**WORK INSTRUCTION:** Pictures aside, write out every record exactly as it appears.

**DATASET EXTRACT:**
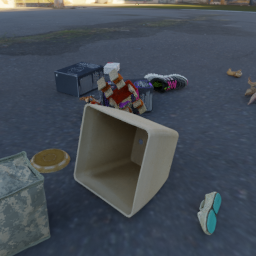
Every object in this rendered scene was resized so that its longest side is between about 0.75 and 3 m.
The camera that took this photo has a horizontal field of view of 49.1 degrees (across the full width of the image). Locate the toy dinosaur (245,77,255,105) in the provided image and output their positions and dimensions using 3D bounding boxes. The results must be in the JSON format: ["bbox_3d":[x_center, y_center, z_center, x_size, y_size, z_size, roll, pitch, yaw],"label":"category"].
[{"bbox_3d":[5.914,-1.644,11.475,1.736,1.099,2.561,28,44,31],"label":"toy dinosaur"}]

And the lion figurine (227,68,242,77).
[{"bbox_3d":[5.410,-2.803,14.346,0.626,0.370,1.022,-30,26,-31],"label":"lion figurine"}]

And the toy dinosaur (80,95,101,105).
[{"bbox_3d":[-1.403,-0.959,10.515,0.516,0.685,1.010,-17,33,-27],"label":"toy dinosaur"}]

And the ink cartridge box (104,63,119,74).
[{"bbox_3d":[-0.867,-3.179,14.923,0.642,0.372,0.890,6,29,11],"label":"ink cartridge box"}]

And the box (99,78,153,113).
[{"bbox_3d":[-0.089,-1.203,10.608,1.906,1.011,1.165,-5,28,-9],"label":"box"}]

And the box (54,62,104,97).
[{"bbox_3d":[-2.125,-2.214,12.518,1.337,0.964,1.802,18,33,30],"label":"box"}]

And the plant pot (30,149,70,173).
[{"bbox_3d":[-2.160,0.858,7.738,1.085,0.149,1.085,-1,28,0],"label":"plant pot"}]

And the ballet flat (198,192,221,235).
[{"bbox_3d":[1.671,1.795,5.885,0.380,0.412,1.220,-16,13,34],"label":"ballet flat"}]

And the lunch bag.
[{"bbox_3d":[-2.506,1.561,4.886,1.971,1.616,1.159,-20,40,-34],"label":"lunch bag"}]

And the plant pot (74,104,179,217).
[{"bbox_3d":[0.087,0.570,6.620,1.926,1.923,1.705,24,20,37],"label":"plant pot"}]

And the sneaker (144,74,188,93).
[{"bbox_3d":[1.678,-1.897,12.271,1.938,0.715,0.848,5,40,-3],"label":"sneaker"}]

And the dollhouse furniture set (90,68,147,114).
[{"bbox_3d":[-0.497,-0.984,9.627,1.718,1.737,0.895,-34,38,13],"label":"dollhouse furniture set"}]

**COMPLETED TASK:**
Every object in this rendered scene was resized so that its longest side is between about 0.75 and 3 m.
The camera that took this photo has a horizontal field of view of 49.1 degrees (across the full width of the image). Locate the toy dinosaur (245,77,255,105) in the provided image and output their positions and dimensions using 3D bounding boxes. The results must be in the JSON format: ["bbox_3d":[x_center, y_center, z_center, x_size, y_size, z_size, roll, pitch, yaw],"label":"category"].
[{"bbox_3d":[5.914,-1.644,11.475,1.736,1.099,2.561,28,44,31],"label":"toy dinosaur"}]

And the lion figurine (227,68,242,77).
[{"bbox_3d":[5.410,-2.803,14.346,0.626,0.370,1.022,-30,26,-31],"label":"lion figurine"}]

And the toy dinosaur (80,95,101,105).
[{"bbox_3d":[-1.403,-0.959,10.515,0.516,0.685,1.010,-17,33,-27],"label":"toy dinosaur"}]

And the ink cartridge box (104,63,119,74).
[{"bbox_3d":[-0.867,-3.179,14.923,0.642,0.372,0.890,6,29,11],"label":"ink cartridge box"}]

And the box (99,78,153,113).
[{"bbox_3d":[-0.089,-1.203,10.608,1.906,1.011,1.165,-5,28,-9],"label":"box"}]

And the box (54,62,104,97).
[{"bbox_3d":[-2.125,-2.214,12.518,1.337,0.964,1.802,18,33,30],"label":"box"}]

And the plant pot (30,149,70,173).
[{"bbox_3d":[-2.160,0.858,7.738,1.085,0.149,1.085,-1,28,0],"label":"plant pot"}]

And the ballet flat (198,192,221,235).
[{"bbox_3d":[1.671,1.795,5.885,0.380,0.412,1.220,-16,13,34],"label":"ballet flat"}]

And the lunch bag.
[{"bbox_3d":[-2.506,1.561,4.886,1.971,1.616,1.159,-20,40,-34],"label":"lunch bag"}]

And the plant pot (74,104,179,217).
[{"bbox_3d":[0.087,0.570,6.620,1.926,1.923,1.705,24,20,37],"label":"plant pot"}]

And the sneaker (144,74,188,93).
[{"bbox_3d":[1.678,-1.897,12.271,1.938,0.715,0.848,5,40,-3],"label":"sneaker"}]

And the dollhouse furniture set (90,68,147,114).
[{"bbox_3d":[-0.497,-0.984,9.627,1.718,1.737,0.895,-34,38,13],"label":"dollhouse furniture set"}]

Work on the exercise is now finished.